ANXA1, a member of the annexin superfamily, is a calcium-dependent phospholipid-binding protein. The role of ANXA1 in tumor development and metastasis has been documented in many cancers [27, 28, 29, 30, 31, 32, 33], but its role and underlying mechanism in OS are poorly understood. We show for the first time a clinically positive correlation between ANXA1 and overall survival rate.

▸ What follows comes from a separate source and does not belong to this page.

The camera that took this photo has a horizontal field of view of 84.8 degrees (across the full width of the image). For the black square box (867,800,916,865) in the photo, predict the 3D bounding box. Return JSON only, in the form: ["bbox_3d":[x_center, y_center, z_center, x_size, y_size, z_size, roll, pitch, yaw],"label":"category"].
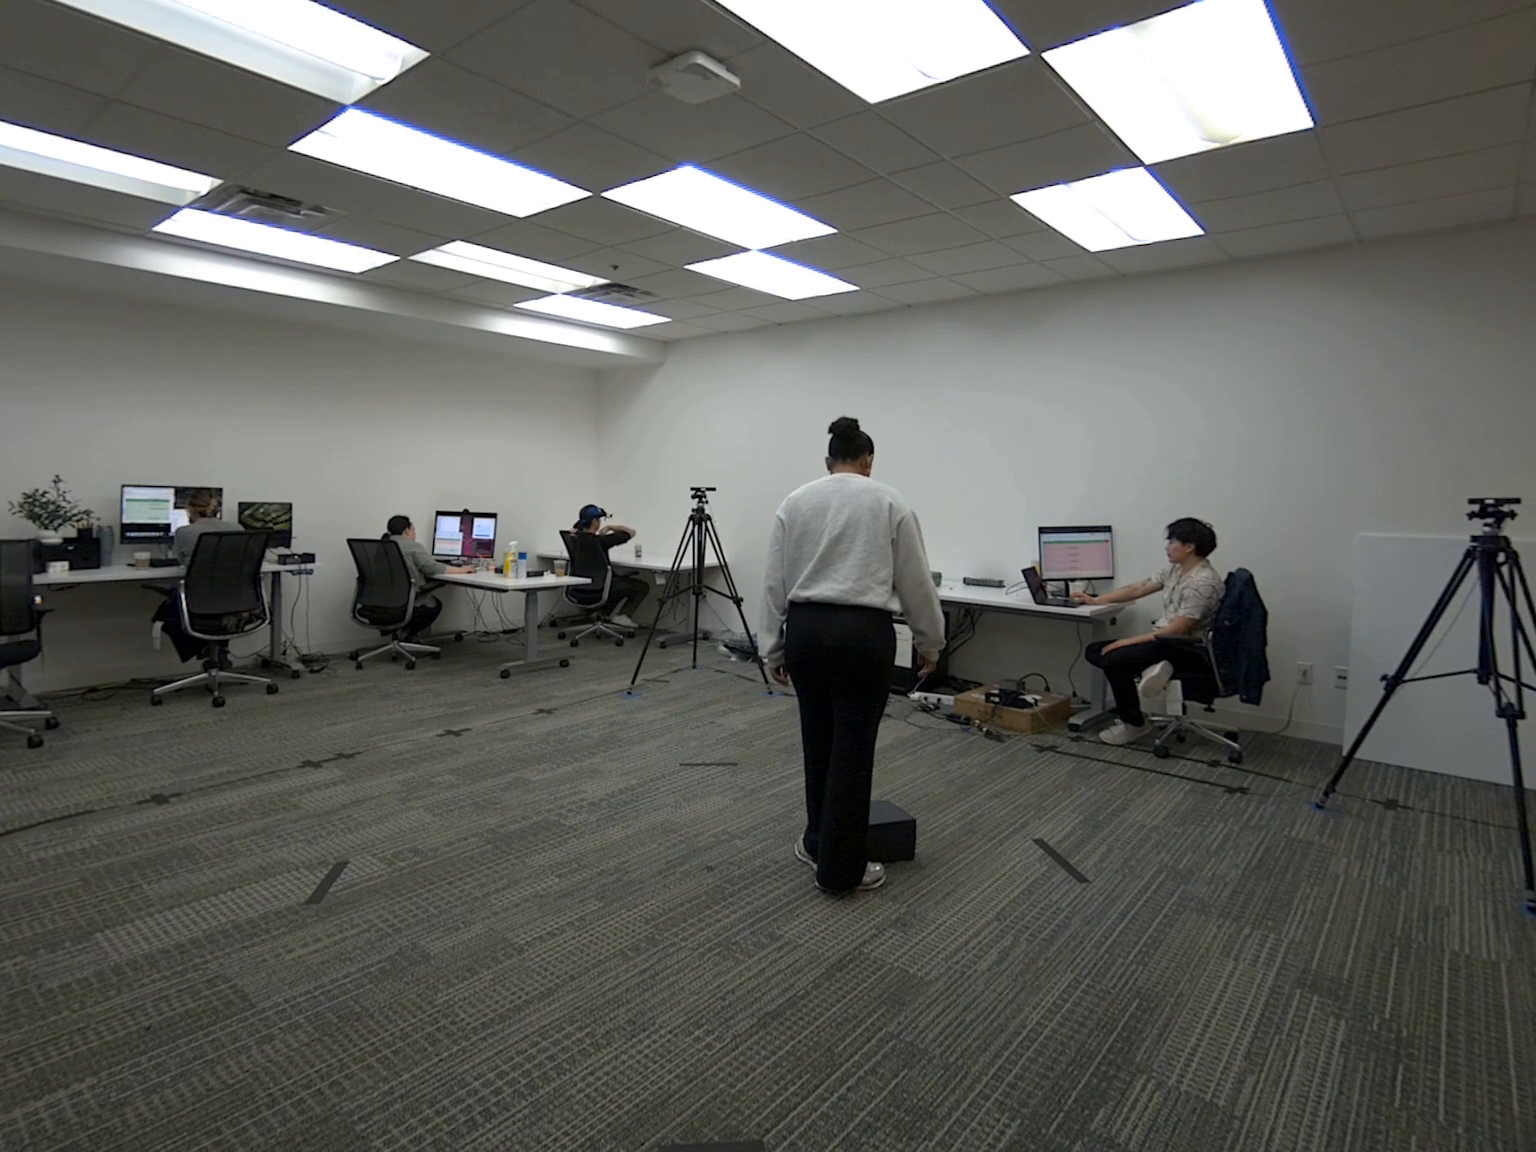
[{"bbox_3d":[0.405,0.975,3.285,0.223,0.155,0.222,-1,4,-21],"label":"black square box"}]

CXCL12 (also known as SDF-1), a member of the CXC subfamily of chemokines, is secreted by stromal cells from a variety of tissues [34]. The involvement of CXCL12 is implicated in tumor progression of a variety of cancers and immune diseases [35, 36, 37], but its role in the metastasis of OS is ambiguous. An interaction between CXCL12 and its two receptors, CXCR4 and CXCR7, drives the metastasis of OS cells to the lung [38, 39, 40, 41]. Interestingly, CXCL12 is weakly, or even negatively, expressed in lung metastases from OS [42]. CXCL12 positively correlated with better longtime survival and lower prevalence of metastasis [43]. High expression of CXCL12 in OS tissues predicted longer survival, which is consistent with our current results. Osteoblasts and OS cells express the specific chemokine axis (CXCR4, CXCR7, and CXCL12) might prevent tumor cells from entering the circulation [44, 45]. Recently, the levels of CXCL4, CXCL6, and CXCL12 in plasma in OS patients were significantly higher compared with that in the controls. However, the higher circulating levels of CXCL4 and CXCL6, but not CXCL12, were associated with a poorer outcome for OS patients [46]. Certainly, the CXCL12-CXCR4/CXCR7 axis is not the sole regulator of systemic spread but could be crucial for metastatic cancer development. Moreover, PI3K pathways are common important downstream pathways regulated by ANXA1 [47] and the CXCL12-CXCR4/CXCR7 axis [48].
Conclusion
The present study identified genes that may be useful diagnostic biomarkers and treatment goals for PMOS patients. The results will support studies of mechanisms and effective therapies for PMOS. However, due to limitations in the present study, additional work is required to elucidate molecular mechanisms involved in this challenging disease. Necessarily, further research is required to verify the mechanisms of ANXA1 and CXCL12 in PMOS.
Author contributions
Data collection: Yinan Chai; Data analysis: Lihan Xu, Rui He; Manuscript writing: Liangjun Zhong; Conception and design: Yuying Wang.
Data availability
The data used to perform the analyses described herein are publicly available from the GEO (
Ethical considerations
There was no need to obtain ethical approval from the hospital since all data in the manuscript was based on bioinformatics, and GEO and TARGET have obtained informed consent from all participants.
Funding
This work was supported by the Natural Science Foundation of Zhejiang Province (Grant number: LY20H060003).
Footnotes
Conflict of interest
The authors declare that there are no competing interests associated with the manuscript.